Applied Statistics and Bioinformatics with R and Bioconductor
Dates
22-26 January 2018
Where
Berlin
Overview
This course will provide biologists and bioinformaticians with practical statistical and data analysis skills to perform rigorous analysis of high-throughput biological data. The course assumes some familiarity with genomics and with R programming, but does not assume prior statistical training. It covers the statistical concepts necessary to design experiments and analyze high-dimensional data generated by high-throughput sequencing, including: exploratory data analysis, principal components analysis, unsupervised clustering, batch effects, linear modeling for differential expression, gene set analysis
Preparation
Come to the first class with the following installed:
- R and Bioconductor: www.bioconductor.org/install
- R Studio: https://www.rstudio.com/products/rstudio/download3/
- Github desktop client (or any other Github client): https://desktop.github.com/
Additionally, please create an account at www.github.com, and use it to introduce yourself at https://github.com/waldronlab/AppStatTrento/issues.
Labs
Each day will include a hands-on lab session, that students should attempt and hand in before the following day by committing to the course Github repository. A selection of labs will be reviewed the following day.
Program
Monday 22nd - Classes from 09:30 to 17:30
Session 1 - Introduction
Lecture 1: Data distributions
- random variables
distributions
Lecture 2: Statistical inference and sampling
populations and samples
- Central Limit Theorem
t-distribution
Lab 1: Introduction to R and Bioconductor
Lab 2: Creating graphics
Tuesday 23nd - Classes from 09:30 to 17:30
Session 2- Hypothesis testing
Lecture 1: hypothesis testing concepts
- type I and II error and power
- confidence intervals
multiple hypothesis testing: false discovery rate, familywise error rate
Lecture 2: hypothesis testing in practice
hypothesis tests for categorical variables (chi-square, Fisher's exact)
- Monte Carlo simulation
- permutation tests
- bootstrap simulation
exploratory data analysis
Lab: bootstrap simulation and permutation tests
Wednesday 24th - Classes from 09:30 to 17:30
Session 3 - Linear modeling
Lecture 1: linear modeling
- linear regression and multiple regression
- model matrix and model formulae
Lecture 2: generalized linear models for count data
- intro to generalized linear models
- logistic regression and log-linear models
- Poisson and Negative Binomial error models
- Zero-inflated models
Lab: RNA-seq differential expression workflow
Thursday 25th - Classes from 09:30 to 17:30
Session 4 - Unsupervised methods
Lecture 1: distances and PCA
- distance in high dimensions
- singular value decomposition
- principal components analysis and multidimensional scaling
Lecture 2: unsupervised clustering
- unsupervised clustering
- batch effects
Lab 1: applications of unsupervised methods to shotgun metagenomics microbiome data analysis
Lab 2: option to work on students' own data.

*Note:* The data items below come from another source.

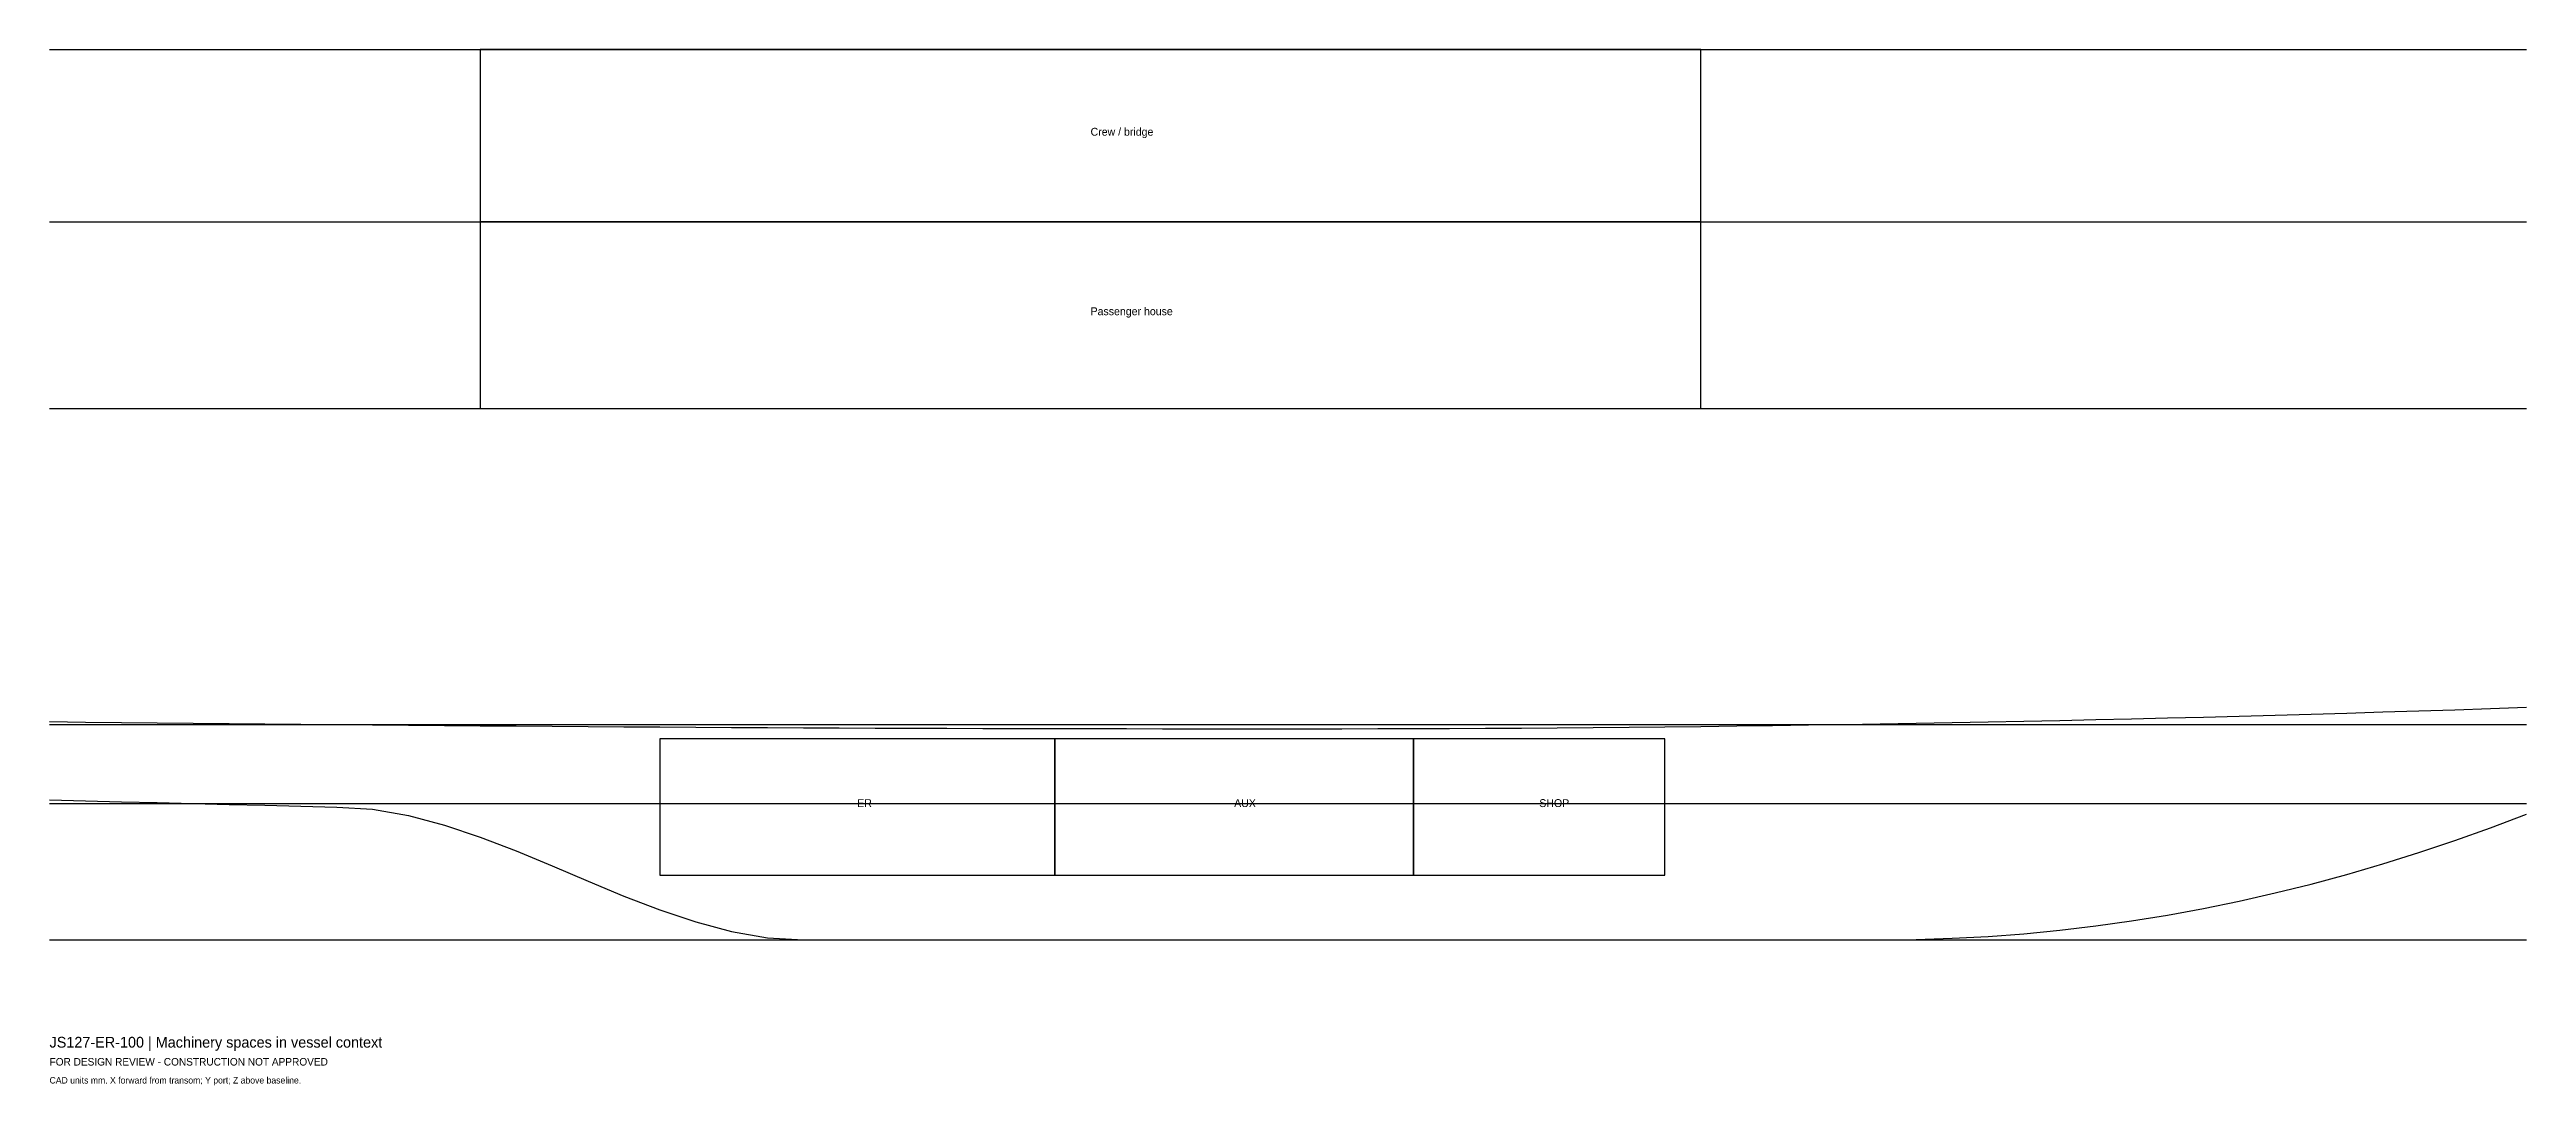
# Model space of a CAD drawing. Header units: millimetres. Extents: x 0 to 34500, y -2027 to 12400.
import ezdxf

# ---------------------------------------------------------------- set-up
doc = ezdxf.new("R2010")
doc.units = ezdxf.units.MM
for name, color, linetype in [('ANNOTATION', 7, 'Continuous'), ('CENTERLINE', 8, 'Continuous'), ('EQUIPMENT', 3, 'Continuous'), ('GEOMETRY', 7, 'Continuous')]:
    doc.layers.add(name, color=color, linetype=linetype)

msp = doc.modelspace()

# ---------------------------------------------------------------- linework, layer by layer
at = {"layer": 'CENTERLINE'}
for p, q in [((0, 12400), (34500, 12400)), ((0, 10000), (34500, 10000)), ((0, 7400), (34500, 7400)), ((0, 3000), (34500, 3000)), ((0, 1900), (34500, 1900)), ((0, 0), (34500, 0))]:
    msp.add_line(p, q, dxfattribs=at)
at = {"layer": 'EQUIPMENT'}
for points in [[(6000, 10000), (23000, 10000), (23000, 12400), (6000, 12400)], [(6000, 7400), (23000, 7400), (23000, 10000), (6000, 10000)], [(8500, 900), (14000, 900), (14000, 2800), (8500, 2800)], [(14000, 900), (19000, 900), (19000, 2800), (14000, 2800)], [(19000, 900), (22500, 900), (22500, 2800), (19000, 2800)]]:
    msp.add_lwpolyline(points, close=True, dxfattribs=at)
at = {"layer": 'GEOMETRY'}
for p, q in [((30000, 3104), (30500, 3117)), ((30500, 3117), (31000, 3131)), ((31000, 3131), (31500, 3145)), ((31500, 3145), (32000, 3159)), ((32000, 3159), (32500, 3174)), ((32500, 3174), (33000, 3190)), ((33000, 3190), (33500, 3206)), ((33500, 3206), (34000, 3223)), ((34000, 3223), (34500, 3240)), ((0, 3040), (500, 3034)), ((500, 3034), (1000, 3029)), ((1000, 3029), (1500, 3023)), ((1500, 3023), (2000, 3018)), ((2000, 3018), (2500, 3013)), ((2500, 3013), (3000, 3008)), ((3000, 3008), (3500, 3004)), ((3500, 3004), (4000, 2999)), ((4000, 2999), (4500, 2995)), ((4500, 2995), (5000, 2990)), ((5000, 2990), (5500, 2986)), ((5500, 2986), (6000, 2983)), ((6000, 2983), (6500, 2979)), ((6500, 2979), (7000, 2975)), ((7000, 2975), (7500, 2972)), ((7500, 2972), (8000, 2969)), ((8000, 2969), (8500, 2966)), ((8500, 2966), (9000, 2963)), ((9000, 2963), (9500, 2960)), ((9500, 2960), (10000, 2958)), ((10000, 2958), (10500, 2955)), ((10500, 2955), (11000, 2953)), ((11000, 2953), (11500, 2951)), ((11500, 2951), (12000, 2949)), ((12000, 2949), (12500, 2948)), ((12500, 2948), (13000, 2946)), ((13000, 2946), (13500, 2945)), ((13500, 2945), (14000, 2944)), ((14000, 2944), (14500, 2943)), ((14500, 2943), (15000, 2942)), ((15000, 2942), (15500, 2941)), ((15500, 2941), (16000, 2941)), ((16000, 2941), (16500, 2940)), ((16500, 2940), (17000, 2940)), ((17000, 2940), (17500, 2940)), ((17500, 2940), (18000, 2941)), ((18000, 2941), (18500, 2942)), ((18500, 2942), (19000, 2943)), ((19000, 2943), (19500, 2945)), ((19500, 2945), (20000, 2948)), ((20000, 2948), (20500, 2951)), ((20500, 2951), (21000, 2954)), ((21000, 2954), (21500, 2958)), ((21500, 2958), (22000, 2963)), ((22000, 2963), (22500, 2968)), ((22500, 2968), (23000, 2973)), ((23000, 2973), (23500, 2979)), ((23500, 2979), (24000, 2986)), ((24000, 2986), (24500, 2993)), ((24500, 2993), (25000, 3001)), ((25000, 3001), (25500, 3009)), ((25500, 3009), (26000, 3017)), ((26000, 3017), (26500, 3026)), ((26500, 3026), (27000, 3036)), ((27000, 3036), (27500, 3046)), ((27500, 3046), (28000, 3057)), ((28000, 3057), (28500, 3068)), ((28500, 3068), (29000, 3079)), ((29000, 3079), (29500, 3091)), ((29500, 3091), (30000, 3104)), ((0, 1950), (500, 1938)), ((500, 1938), (1000, 1925)), ((1000, 1925), (1500, 1912)), ((1500, 1912), (2000, 1900)), ((2000, 1900), (2500, 1888)), ((2500, 1888), (3000, 1875)), ((3000, 1875), (3500, 1862)), ((3500, 1862), (4000, 1850)), ((4000, 1850), (4500, 1819)), ((4500, 1819), (5000, 1732)), ((5000, 1732), (5500, 1600)), ((34000, 1561), (34500, 1750)), ((5500, 1600), (6000, 1432)), ((6000, 1432), (6500, 1240)), ((33000, 1215), (33500, 1383)), ((33500, 1383), (34000, 1561)), ((6500, 1240), (7000, 1032)), ((32000, 913), (32500, 1059)), ((32500, 1059), (33000, 1215)), ((7000, 1032), (7500, 818)), ((7500, 818), (8000, 610)), ((31000, 654), (31500, 778)), ((31500, 778), (32000, 913)), ((8000, 610), (8500, 418)), ((8500, 418), (9000, 250)), ((29000, 265), (29500, 346)), ((29500, 346), (30000, 438)), ((30000, 438), (30500, 540)), ((30500, 540), (31000, 654)), ((9000, 250), (9500, 118)), ((9500, 118), (10000, 31)), ((10000, 31), (10500, 0)), ((10500, 0), (11000, 0)), ((11000, 0), (11500, 0)), ((11500, 0), (12000, 0)), ((12000, 0), (12500, 0)), ((12500, 0), (13000, 0)), ((13000, 0), (13500, 0)), ((13500, 0), (14000, 0)), ((14000, 0), (14500, 0)), ((14500, 0), (15000, 0)), ((15000, 0), (15500, 0)), ((15500, 0), (16000, 0)), ((16000, 0), (16500, 0)), ((16500, 0), (17000, 0)), ((17000, 0), (17500, 0)), ((17500, 0), (18000, 0)), ((18000, 0), (18500, 0)), ((18500, 0), (19000, 0)), ((19000, 0), (19500, 0)), ((19500, 0), (20000, 0)), ((20000, 0), (20500, 0)), ((20500, 0), (21000, 0)), ((21000, 0), (21500, 0)), ((21500, 0), (22000, 0)), ((22000, 0), (22500, 0)), ((22500, 0), (23000, 0)), ((23000, 0), (23500, 0)), ((23500, 0), (24000, 0)), ((24000, 0), (24500, 0)), ((24500, 0), (25000, 0)), ((25000, 0), (25500, 0)), ((25500, 0), (26000, 5)), ((26000, 5), (26500, 22)), ((26500, 22), (27000, 49)), ((27000, 49), (27500, 86)), ((27500, 86), (28000, 135)), ((28000, 135), (28500, 194)), ((28500, 194), (29000, 265))]:
    msp.add_line(p, q, dxfattribs=at)

# ---------------------------------------------------------------- texts
at = {"layer": 'ANNOTATION'}
for s, height, p in [('Crew / bridge', 110, (14500, 11200)), ('Passenger house', 110, (14500, 8700)), ('ER', 110, (11250, 1850)), ('AUX', 110, (16500, 1850)), ('SHOP', 110, (20750, 1850)), ('JS127-ER-100 | Machinery spaces in vessel context', 150, (0, -1500)), ('FOR DESIGN REVIEW - CONSTRUCTION NOT APPROVED', 105, (0, -1750)), ('CAD units mm. X forward from transom; Y port; Z above baseline.', 90, (0, -2000))]:
    msp.add_text(s, height=height, dxfattribs=at).set_placement(p)

doc.saveas('drawing.dxf')

Friday 26th - Classes from 09:30 to 17:30
Session 5 - Gene set and multi-omics data analysis
Lecture 1 - gene set enrichment analysis
- background on gene set testing
- types and interpretations of gene set tests
- advantages and pitfalls of gene set testing
Lab 1 - gene set analysis with applications to gene expression and multi-omics experiments
Lab 2 - multi-omics data analysis
Lab 3 - option to work on students' own data.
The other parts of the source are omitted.